• [WHAT TO DO]:
Write out, word for word, the part of the listing below that opens with the line containing "Your response must be concise. 7.76e+04." and closes with the line containing "Guatemala in the graph?", keeping both of those lines and adding no others.

• [SUPPLIED DATA]:
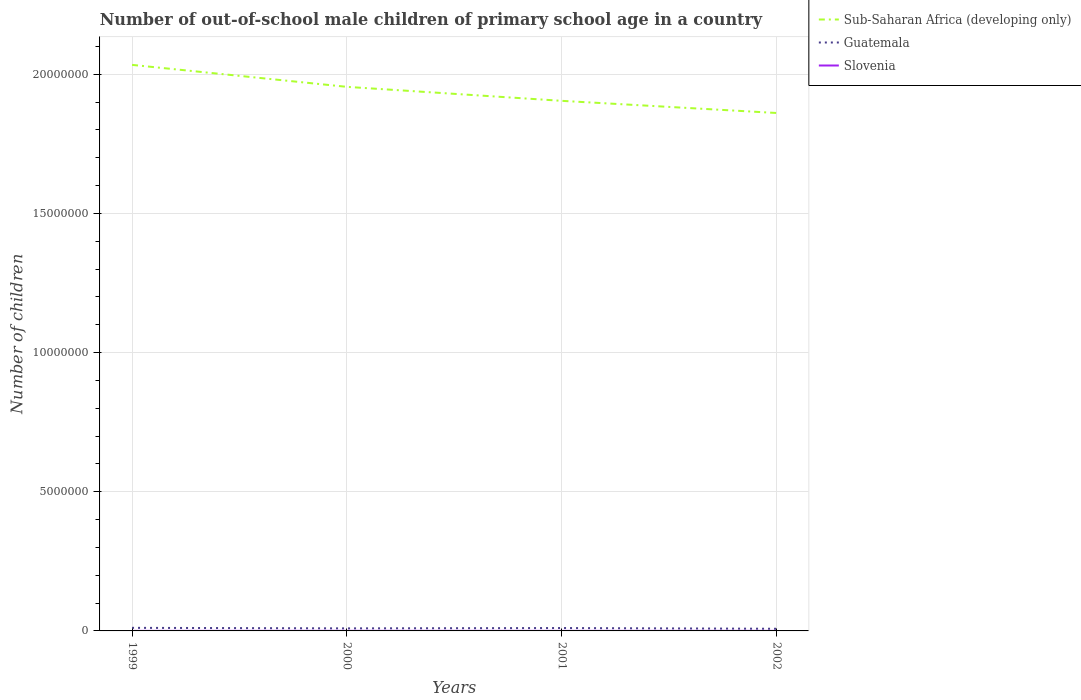How many different coloured lines are there?
Offer a very short reply. 3. Across all years, what is the maximum number of out-of-school male children in Sub-Saharan Africa (developing only)?
Provide a succinct answer. 1.86e+07. In which year was the number of out-of-school male children in Sub-Saharan Africa (developing only) maximum?
Your answer should be compact. 2002. What is the total number of out-of-school male children in Sub-Saharan Africa (developing only) in the graph?
Your answer should be very brief. 4.37e+05. What is the difference between the highest and the second highest number of out-of-school male children in Sub-Saharan Africa (developing only)?
Offer a terse response. 1.73e+06. What is the difference between the highest and the lowest number of out-of-school male children in Slovenia?
Provide a succinct answer. 1. Is the number of out-of-school male children in Slovenia strictly greater than the number of out-of-school male children in Sub-Saharan Africa (developing only) over the years?
Offer a very short reply. Yes. How many lines are there?
Offer a very short reply. 3. How many years are there in the graph?
Offer a very short reply. 4. What is the difference between two consecutive major ticks on the Y-axis?
Ensure brevity in your answer.  5.00e+06. Where does the legend appear in the graph?
Provide a succinct answer. Top right. How many legend labels are there?
Your answer should be very brief. 3. How are the legend labels stacked?
Your answer should be compact. Vertical. What is the title of the graph?
Ensure brevity in your answer.  Number of out-of-school male children of primary school age in a country. Does "Seychelles" appear as one of the legend labels in the graph?
Your response must be concise. No. What is the label or title of the X-axis?
Your answer should be very brief. Years. What is the label or title of the Y-axis?
Keep it short and to the point. Number of children. What is the Number of children in Sub-Saharan Africa (developing only) in 1999?
Your answer should be very brief. 2.03e+07. What is the Number of children in Guatemala in 1999?
Provide a short and direct response. 1.11e+05. What is the Number of children in Slovenia in 1999?
Offer a very short reply. 1793. What is the Number of children of Sub-Saharan Africa (developing only) in 2000?
Ensure brevity in your answer.  1.95e+07. What is the Number of children in Guatemala in 2000?
Offer a very short reply. 9.18e+04. What is the Number of children in Slovenia in 2000?
Your answer should be very brief. 2737. What is the Number of children in Sub-Saharan Africa (developing only) in 2001?
Your response must be concise. 1.90e+07. What is the Number of children in Guatemala in 2001?
Offer a terse response. 1.04e+05. What is the Number of children in Slovenia in 2001?
Provide a short and direct response. 1863. What is the Number of children of Sub-Saharan Africa (developing only) in 2002?
Your response must be concise. 1.86e+07. What is the Number of children of Guatemala in 2002?
Your response must be concise. 7.76e+04. What is the Number of children in Slovenia in 2002?
Make the answer very short. 1701. Across all years, what is the maximum Number of children of Sub-Saharan Africa (developing only)?
Keep it short and to the point. 2.03e+07. Across all years, what is the maximum Number of children in Guatemala?
Your answer should be compact. 1.11e+05. Across all years, what is the maximum Number of children of Slovenia?
Offer a very short reply. 2737. Across all years, what is the minimum Number of children in Sub-Saharan Africa (developing only)?
Keep it short and to the point. 1.86e+07. Across all years, what is the minimum Number of children of Guatemala?
Offer a terse response. 7.76e+04. Across all years, what is the minimum Number of children of Slovenia?
Offer a terse response. 1701. What is the total Number of children of Sub-Saharan Africa (developing only) in the graph?
Ensure brevity in your answer.  7.75e+07. What is the total Number of children in Guatemala in the graph?
Keep it short and to the point. 3.84e+05. What is the total Number of children of Slovenia in the graph?
Your answer should be compact. 8094. What is the difference between the Number of children in Sub-Saharan Africa (developing only) in 1999 and that in 2000?
Your answer should be very brief. 7.89e+05. What is the difference between the Number of children in Guatemala in 1999 and that in 2000?
Provide a short and direct response. 1.88e+04. What is the difference between the Number of children in Slovenia in 1999 and that in 2000?
Provide a short and direct response. -944. What is the difference between the Number of children of Sub-Saharan Africa (developing only) in 1999 and that in 2001?
Offer a terse response. 1.29e+06. What is the difference between the Number of children of Guatemala in 1999 and that in 2001?
Keep it short and to the point. 7080. What is the difference between the Number of children of Slovenia in 1999 and that in 2001?
Provide a short and direct response. -70. What is the difference between the Number of children of Sub-Saharan Africa (developing only) in 1999 and that in 2002?
Give a very brief answer. 1.73e+06. What is the difference between the Number of children of Guatemala in 1999 and that in 2002?
Offer a terse response. 3.29e+04. What is the difference between the Number of children in Slovenia in 1999 and that in 2002?
Give a very brief answer. 92. What is the difference between the Number of children of Sub-Saharan Africa (developing only) in 2000 and that in 2001?
Make the answer very short. 5.03e+05. What is the difference between the Number of children in Guatemala in 2000 and that in 2001?
Ensure brevity in your answer.  -1.17e+04. What is the difference between the Number of children of Slovenia in 2000 and that in 2001?
Ensure brevity in your answer.  874. What is the difference between the Number of children in Sub-Saharan Africa (developing only) in 2000 and that in 2002?
Your answer should be very brief. 9.39e+05. What is the difference between the Number of children of Guatemala in 2000 and that in 2002?
Keep it short and to the point. 1.41e+04. What is the difference between the Number of children in Slovenia in 2000 and that in 2002?
Ensure brevity in your answer.  1036. What is the difference between the Number of children in Sub-Saharan Africa (developing only) in 2001 and that in 2002?
Keep it short and to the point. 4.37e+05. What is the difference between the Number of children of Guatemala in 2001 and that in 2002?
Provide a succinct answer. 2.59e+04. What is the difference between the Number of children of Slovenia in 2001 and that in 2002?
Offer a very short reply. 162. What is the difference between the Number of children of Sub-Saharan Africa (developing only) in 1999 and the Number of children of Guatemala in 2000?
Offer a terse response. 2.02e+07. What is the difference between the Number of children in Sub-Saharan Africa (developing only) in 1999 and the Number of children in Slovenia in 2000?
Ensure brevity in your answer.  2.03e+07. What is the difference between the Number of children in Guatemala in 1999 and the Number of children in Slovenia in 2000?
Keep it short and to the point. 1.08e+05. What is the difference between the Number of children of Sub-Saharan Africa (developing only) in 1999 and the Number of children of Guatemala in 2001?
Offer a very short reply. 2.02e+07. What is the difference between the Number of children of Sub-Saharan Africa (developing only) in 1999 and the Number of children of Slovenia in 2001?
Keep it short and to the point. 2.03e+07. What is the difference between the Number of children of Guatemala in 1999 and the Number of children of Slovenia in 2001?
Your response must be concise. 1.09e+05. What is the difference between the Number of children of Sub-Saharan Africa (developing only) in 1999 and the Number of children of Guatemala in 2002?
Ensure brevity in your answer.  2.03e+07. What is the difference between the Number of children of Sub-Saharan Africa (developing only) in 1999 and the Number of children of Slovenia in 2002?
Offer a terse response. 2.03e+07. What is the difference between the Number of children in Guatemala in 1999 and the Number of children in Slovenia in 2002?
Provide a short and direct response. 1.09e+05. What is the difference between the Number of children of Sub-Saharan Africa (developing only) in 2000 and the Number of children of Guatemala in 2001?
Your answer should be compact. 1.94e+07. What is the difference between the Number of children in Sub-Saharan Africa (developing only) in 2000 and the Number of children in Slovenia in 2001?
Ensure brevity in your answer.  1.95e+07. What is the difference between the Number of children in Guatemala in 2000 and the Number of children in Slovenia in 2001?
Make the answer very short. 8.99e+04. What is the difference between the Number of children in Sub-Saharan Africa (developing only) in 2000 and the Number of children in Guatemala in 2002?
Your answer should be compact. 1.95e+07. What is the difference between the Number of children of Sub-Saharan Africa (developing only) in 2000 and the Number of children of Slovenia in 2002?
Your answer should be compact. 1.95e+07. What is the difference between the Number of children in Guatemala in 2000 and the Number of children in Slovenia in 2002?
Provide a succinct answer. 9.01e+04. What is the difference between the Number of children of Sub-Saharan Africa (developing only) in 2001 and the Number of children of Guatemala in 2002?
Your response must be concise. 1.90e+07. What is the difference between the Number of children in Sub-Saharan Africa (developing only) in 2001 and the Number of children in Slovenia in 2002?
Provide a short and direct response. 1.90e+07. What is the difference between the Number of children of Guatemala in 2001 and the Number of children of Slovenia in 2002?
Make the answer very short. 1.02e+05. What is the average Number of children in Sub-Saharan Africa (developing only) per year?
Provide a short and direct response. 1.94e+07. What is the average Number of children of Guatemala per year?
Offer a very short reply. 9.59e+04. What is the average Number of children in Slovenia per year?
Your answer should be very brief. 2023.5. In the year 1999, what is the difference between the Number of children in Sub-Saharan Africa (developing only) and Number of children in Guatemala?
Ensure brevity in your answer.  2.02e+07. In the year 1999, what is the difference between the Number of children of Sub-Saharan Africa (developing only) and Number of children of Slovenia?
Offer a very short reply. 2.03e+07. In the year 1999, what is the difference between the Number of children of Guatemala and Number of children of Slovenia?
Offer a very short reply. 1.09e+05. In the year 2000, what is the difference between the Number of children of Sub-Saharan Africa (developing only) and Number of children of Guatemala?
Your answer should be very brief. 1.95e+07. In the year 2000, what is the difference between the Number of children in Sub-Saharan Africa (developing only) and Number of children in Slovenia?
Your response must be concise. 1.95e+07. In the year 2000, what is the difference between the Number of children in Guatemala and Number of children in Slovenia?
Your answer should be compact. 8.91e+04. In the year 2001, what is the difference between the Number of children in Sub-Saharan Africa (developing only) and Number of children in Guatemala?
Your response must be concise. 1.89e+07. In the year 2001, what is the difference between the Number of children of Sub-Saharan Africa (developing only) and Number of children of Slovenia?
Ensure brevity in your answer.  1.90e+07. In the year 2001, what is the difference between the Number of children in Guatemala and Number of children in Slovenia?
Your answer should be very brief. 1.02e+05. In the year 2002, what is the difference between the Number of children in Sub-Saharan Africa (developing only) and Number of children in Guatemala?
Your answer should be compact. 1.85e+07. In the year 2002, what is the difference between the Number of children of Sub-Saharan Africa (developing only) and Number of children of Slovenia?
Make the answer very short. 1.86e+07. In the year 2002, what is the difference between the Number of children in Guatemala and Number of children in Slovenia?
Provide a short and direct response. 7.59e+04. What is the ratio of the Number of children of Sub-Saharan Africa (developing only) in 1999 to that in 2000?
Your answer should be compact. 1.04. What is the ratio of the Number of children of Guatemala in 1999 to that in 2000?
Offer a very short reply. 1.2. What is the ratio of the Number of children of Slovenia in 1999 to that in 2000?
Make the answer very short. 0.66. What is the ratio of the Number of children of Sub-Saharan Africa (developing only) in 1999 to that in 2001?
Your response must be concise. 1.07. What is the ratio of the Number of children of Guatemala in 1999 to that in 2001?
Offer a terse response. 1.07. What is the ratio of the Number of children in Slovenia in 1999 to that in 2001?
Offer a very short reply. 0.96. What is the ratio of the Number of children of Sub-Saharan Africa (developing only) in 1999 to that in 2002?
Make the answer very short. 1.09. What is the ratio of the Number of children in Guatemala in 1999 to that in 2002?
Keep it short and to the point. 1.42. What is the ratio of the Number of children in Slovenia in 1999 to that in 2002?
Your answer should be compact. 1.05. What is the ratio of the Number of children in Sub-Saharan Africa (developing only) in 2000 to that in 2001?
Provide a succinct answer. 1.03. What is the ratio of the Number of children in Guatemala in 2000 to that in 2001?
Give a very brief answer. 0.89. What is the ratio of the Number of children of Slovenia in 2000 to that in 2001?
Ensure brevity in your answer.  1.47. What is the ratio of the Number of children of Sub-Saharan Africa (developing only) in 2000 to that in 2002?
Give a very brief answer. 1.05. What is the ratio of the Number of children of Guatemala in 2000 to that in 2002?
Give a very brief answer. 1.18. What is the ratio of the Number of children of Slovenia in 2000 to that in 2002?
Your answer should be compact. 1.61. What is the ratio of the Number of children of Sub-Saharan Africa (developing only) in 2001 to that in 2002?
Your answer should be compact. 1.02. What is the ratio of the Number of children in Guatemala in 2001 to that in 2002?
Ensure brevity in your answer.  1.33. What is the ratio of the Number of children of Slovenia in 2001 to that in 2002?
Give a very brief answer. 1.1. What is the difference between the highest and the second highest Number of children in Sub-Saharan Africa (developing only)?
Your response must be concise. 7.89e+05. What is the difference between the highest and the second highest Number of children in Guatemala?
Give a very brief answer. 7080. What is the difference between the highest and the second highest Number of children in Slovenia?
Ensure brevity in your answer.  874. What is the difference between the highest and the lowest Number of children in Sub-Saharan Africa (developing only)?
Provide a succinct answer. 1.73e+06. What is the difference between the highest and the lowest Number of children in Guatemala?
Ensure brevity in your answer.  3.29e+04. What is the difference between the highest and the lowest Number of children of Slovenia?
Offer a very short reply. 1036.

• [SOLUTION FOR THIS PROBLEM]:
Your response must be concise. 7.76e+04. What is the Number of children in Slovenia in 2002?
Make the answer very short. 1701. Across all years, what is the maximum Number of children of Sub-Saharan Africa (developing only)?
Keep it short and to the point. 2.03e+07. Across all years, what is the maximum Number of children in Guatemala?
Your answer should be compact. 1.11e+05. Across all years, what is the maximum Number of children of Slovenia?
Offer a very short reply. 2737. Across all years, what is the minimum Number of children in Sub-Saharan Africa (developing only)?
Keep it short and to the point. 1.86e+07. Across all years, what is the minimum Number of children of Guatemala?
Offer a terse response. 7.76e+04. Across all years, what is the minimum Number of children of Slovenia?
Offer a terse response. 1701. What is the total Number of children of Sub-Saharan Africa (developing only) in the graph?
Ensure brevity in your answer.  7.75e+07. What is the total Number of children in Guatemala in the graph?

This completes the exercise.